### Supplied entries:
━━━━━━━━━━━━━━━━

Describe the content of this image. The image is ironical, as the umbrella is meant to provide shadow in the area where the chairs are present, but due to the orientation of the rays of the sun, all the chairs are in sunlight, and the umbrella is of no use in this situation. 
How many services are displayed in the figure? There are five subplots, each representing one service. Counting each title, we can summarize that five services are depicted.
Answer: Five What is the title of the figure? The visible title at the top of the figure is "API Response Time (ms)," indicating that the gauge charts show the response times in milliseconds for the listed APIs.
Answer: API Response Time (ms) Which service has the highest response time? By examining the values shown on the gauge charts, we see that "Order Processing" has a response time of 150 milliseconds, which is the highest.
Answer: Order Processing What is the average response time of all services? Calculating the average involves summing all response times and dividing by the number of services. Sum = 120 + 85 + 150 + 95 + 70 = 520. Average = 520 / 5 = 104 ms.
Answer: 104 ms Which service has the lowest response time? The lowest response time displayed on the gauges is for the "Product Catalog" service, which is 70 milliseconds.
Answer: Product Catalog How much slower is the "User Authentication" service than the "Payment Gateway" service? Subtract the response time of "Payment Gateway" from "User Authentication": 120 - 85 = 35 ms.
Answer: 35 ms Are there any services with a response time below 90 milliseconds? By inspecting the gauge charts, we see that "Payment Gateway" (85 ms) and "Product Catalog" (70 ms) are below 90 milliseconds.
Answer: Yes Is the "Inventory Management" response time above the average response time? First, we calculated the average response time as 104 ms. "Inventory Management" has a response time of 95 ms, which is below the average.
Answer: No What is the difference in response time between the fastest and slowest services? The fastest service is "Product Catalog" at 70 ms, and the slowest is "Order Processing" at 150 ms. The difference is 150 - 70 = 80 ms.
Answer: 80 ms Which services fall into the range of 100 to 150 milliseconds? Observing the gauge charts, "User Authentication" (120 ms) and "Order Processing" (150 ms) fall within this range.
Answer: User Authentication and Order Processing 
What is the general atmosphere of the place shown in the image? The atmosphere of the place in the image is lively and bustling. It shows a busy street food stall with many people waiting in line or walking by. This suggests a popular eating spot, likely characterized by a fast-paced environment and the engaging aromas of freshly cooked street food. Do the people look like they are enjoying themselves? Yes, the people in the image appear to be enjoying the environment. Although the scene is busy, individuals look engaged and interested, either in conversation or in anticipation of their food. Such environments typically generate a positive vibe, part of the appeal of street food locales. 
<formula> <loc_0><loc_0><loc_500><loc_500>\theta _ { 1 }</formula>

━━━━━━━━━━━━━━━━

### Requirement:
Check each line of the listing for "figure", and copy the ones that hold it.

### Output of the exercise:
How many services are displayed in the figure? There are five subplots, each representing one service. Counting each title, we can summarize that five services are depicted.
Answer: Five What is the title of the figure? The visible title at the top of the figure is "API Response Time (ms)," indicating that the gauge charts show the response times in milliseconds for the listed APIs.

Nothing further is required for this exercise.